Acceptez que certaines estimations se révèlent fausses. Ce n’est pas un échec du processus mais son fonctionnement normal — et découvrir qu’un chantier jugé majeur n’a rien changé vaut mieux que de continuer à en lancer de semblables.

Quand la valeur utilisateur ne suffit pas

Ce critère a des limites qu’il faut assumer. Il favorise structurellement l’amélioration de l’existant sur l’innovation, car la valeur d’un usage qui n’existe pas encore est par définition inestimable.

Il traite également mal les obligations réglementaires et la maintenance, dont la valeur positive est nulle mais dont l’absence produit un dégât. Ces chantiers doivent être traités hors classement, comme un prélèvement de capacité décidé en amont.

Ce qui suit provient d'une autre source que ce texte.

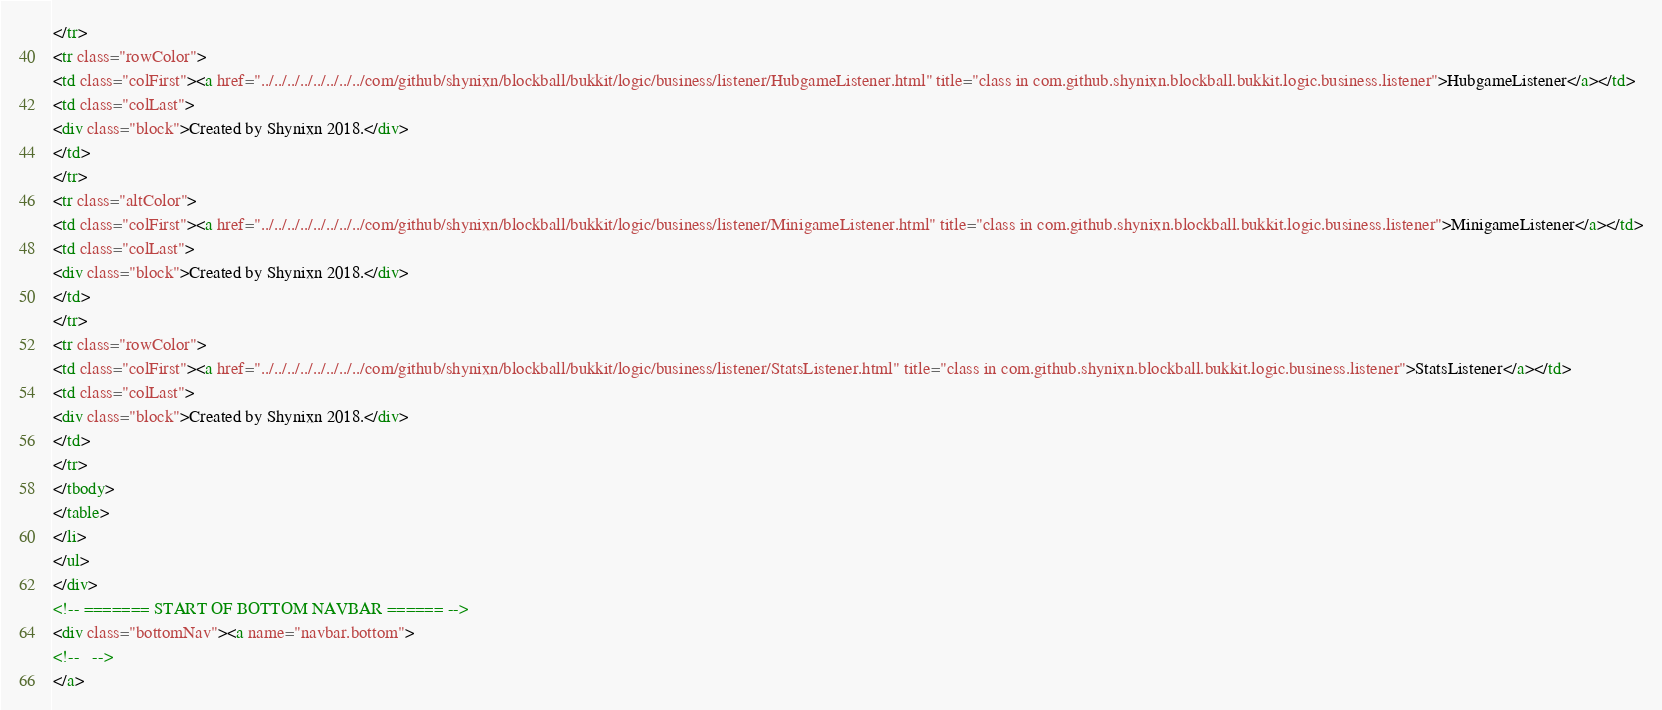Convert code to text. <code><loc_0><loc_0><loc_500><loc_500><_HTML_></tr>
<tr class="rowColor">
<td class="colFirst"><a href="../../../../../../../../com/github/shynixn/blockball/bukkit/logic/business/listener/HubgameListener.html" title="class in com.github.shynixn.blockball.bukkit.logic.business.listener">HubgameListener</a></td>
<td class="colLast">
<div class="block">Created by Shynixn 2018.</div>
</td>
</tr>
<tr class="altColor">
<td class="colFirst"><a href="../../../../../../../../com/github/shynixn/blockball/bukkit/logic/business/listener/MinigameListener.html" title="class in com.github.shynixn.blockball.bukkit.logic.business.listener">MinigameListener</a></td>
<td class="colLast">
<div class="block">Created by Shynixn 2018.</div>
</td>
</tr>
<tr class="rowColor">
<td class="colFirst"><a href="../../../../../../../../com/github/shynixn/blockball/bukkit/logic/business/listener/StatsListener.html" title="class in com.github.shynixn.blockball.bukkit.logic.business.listener">StatsListener</a></td>
<td class="colLast">
<div class="block">Created by Shynixn 2018.</div>
</td>
</tr>
</tbody>
</table>
</li>
</ul>
</div>
<!-- ======= START OF BOTTOM NAVBAR ====== -->
<div class="bottomNav"><a name="navbar.bottom">
<!--   -->
</a></code>

La pratique la plus saine consiste à réserver explicitement des parts : une proportion pour les obligations, une pour la maintenance, une pour l’exploration, et le reste arbitré par la valeur. Sans ces réserves, tout ce qui ne se mesure pas disparaît progressivement du plan de charge.

En résumé

Prioriser par la valeur suppose d’abord de nommer le bénéficiaire final, qui n’est presque jamais le demandeur. Estimez ensuite grossièrement : combien de personnes, à quelle fréquence, avec quelle gravité — ce produit approximatif bat l’intuition. Ajoutez le coût du retard pour ordonner, réservez une part de capacité aux obligations et à la maintenance, et vérifiez après coup que l’effet attendu s’est produit.